Task to carry out: The lines below, from the first through the one containing "from ezdxf.enums import", are to be given again exactly, with pictures left out and nothing added.

Records provided:

──────

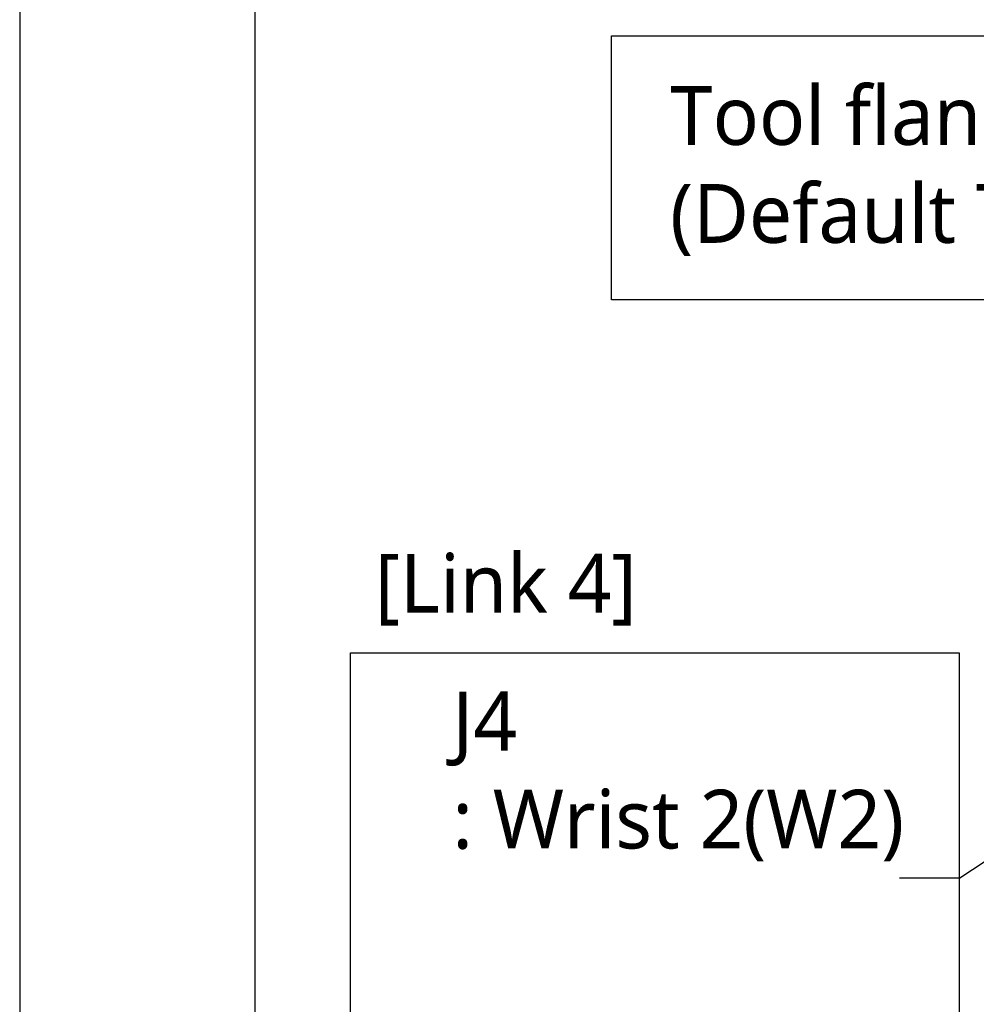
# Model space of a CAD drawing. Header units: millimetres. Extents: x 0 to 7374, y 0 to 4200.
# Tile 180 of 256: x 0 to 570, y 2704 to 3290. Entities that reach past the tile are written whole.
import ezdxf
from ezdxf.enums import TextEntityAlignment as Align

# ---------------------------------------------------------------- set-up
doc = ezdxf.new("R2010")
doc.units = ezdxf.units.MM
doc.header["$LTSCALE"] = 0.2
doc.layers.add('05_Section Line', color=3, linetype='Continuous')
doc.layers.add('10_Drawing Template', color=2, linetype='Continuous')
doc.styles.add('Rainbow-2.5 Style', font='malgunsl.ttf')
doc.styles.add('Rainbow-4.0 Style', font='malgunsl.ttf')
doc.dimstyles.new('Rainbow-4.0 Style', dxfattribs={"dimtxt": 3.5, "dimasz": 2.5, "dimexe": 1, "dimexo": 1, "dimgap": 1, "dimtad": 1, "dimdsep": 46, "dimtxsty": 'Rainbow-4.0 Style', "dimcen": 0, "dimclrd": 251, "dimclre": 251, "dimclrt": 7, "dimazin": 3, "dimtp": 0.1, "dimtm": 0.1, "dimtfac": 0.61, "dimtmove": 0, "dimatfit": 3, "dimfxl": 1, "dimlwd": -1, "dimlwe": -1, "dimarcsym": 1})

# ---------------------------------------------------------------- blocks, each defined once
blk = doc.blocks.new('A$Cf13cdfad')
blk.add_lwpolyline([(0, 0), (594, 0), (594, 420), (0, 420)], close=True)
at = {"layer": '10_Drawing Template'}
blk.add_lwpolyline([(14, 14), (580, 14), (580, 406), (14, 406)], close=True, dxfattribs=at)
at = {"style": 'Rainbow-2.5 Style'}
for tag, p in [('품명', (525.55, 77.113)), ('품번', (513.175, 64.738)), ('리비전', (567.625, 64.738)), ('제도', (540.754, 52.186)), ('제도일자', (567.625, 52.186)), ('스케일', (481, 48.65)), ('재질', (508.579, 48.65)), ('검토', (540.754, 42.286)), ('검토일자', (567.625, 42.286)), ('승인일자', (567.625, 32.386)), ('승인', (540.754, 32.386)), ('참조', (508.579, 28.85)), ('페이지', (540.754, 22.486))]:
    blk.add_attdef(tag, text='', height=3.536, dxfattribs=at).set_placement(p, align=Align.MIDDLE_CENTER)

msp = doc.modelspace()

# ---------------------------------------------------------------- linework, layer by layer
at = {"layer": '05_Section Line'}
for points in [[(352.549, 3280.432), (788.737, 3280.432), (788.737, 3123.139), (352.549, 3123.139)], [(197.059, 2913.05), (559.67, 2913.05), (559.67, 2582.314), (197.059, 2582.314)]]:
    msp.add_lwpolyline(points, close=True, dxfattribs=at)

# ---------------------------------------------------------------- block references
at = {"xscale": 10, "yscale": 10, "zscale": 10}
msp.add_blockref('A$Cf13cdfad', (0, 0), dxfattribs=at)

# ---------------------------------------------------------------- texts
at = {"color": 7, "char_height": 35, "attachment_point": 7, "style": 'Rainbow-4.0 Style'}
for s, insert in [('Tool flange center\\P(Default TCP)', (387.502, 3149.42)), ('J4\\P: Wrist 2(W2)', (257.805, 2788.678))]:
    msp.add_mtext(s, dxfattribs=dict(at, insert=insert))
at = {"insert": (211.526, 2929.152), "char_height": 35, "attachment_point": 7, "style": 'Rainbow-4.0 Style'}
msp.add_mtext('[Link 4]', dxfattribs=at)

# ---------------------------------------------------------------- leaders
at = {"annotation_type": 0, "has_hookline": 1, "hookline_direction": 1}
msp.add_leader([(770.179, 2919.137), (560.147, 2778.678), (535.147, 2778.678)], dimstyle='Rainbow-4.0 Style', override={"dimscale": 10}, dxfattribs=at)

doc.saveas('drawing.dxf')

──────

Solved problem:
# Model space of a CAD drawing. Header units: millimetres. Extents: x 0 to 7374, y 0 to 4200.
# Tile 180 of 256: x 0 to 570, y 2704 to 3290. Entities that reach past the tile are written whole.
import ezdxf
from ezdxf.enums import TextEntityAlignment as Align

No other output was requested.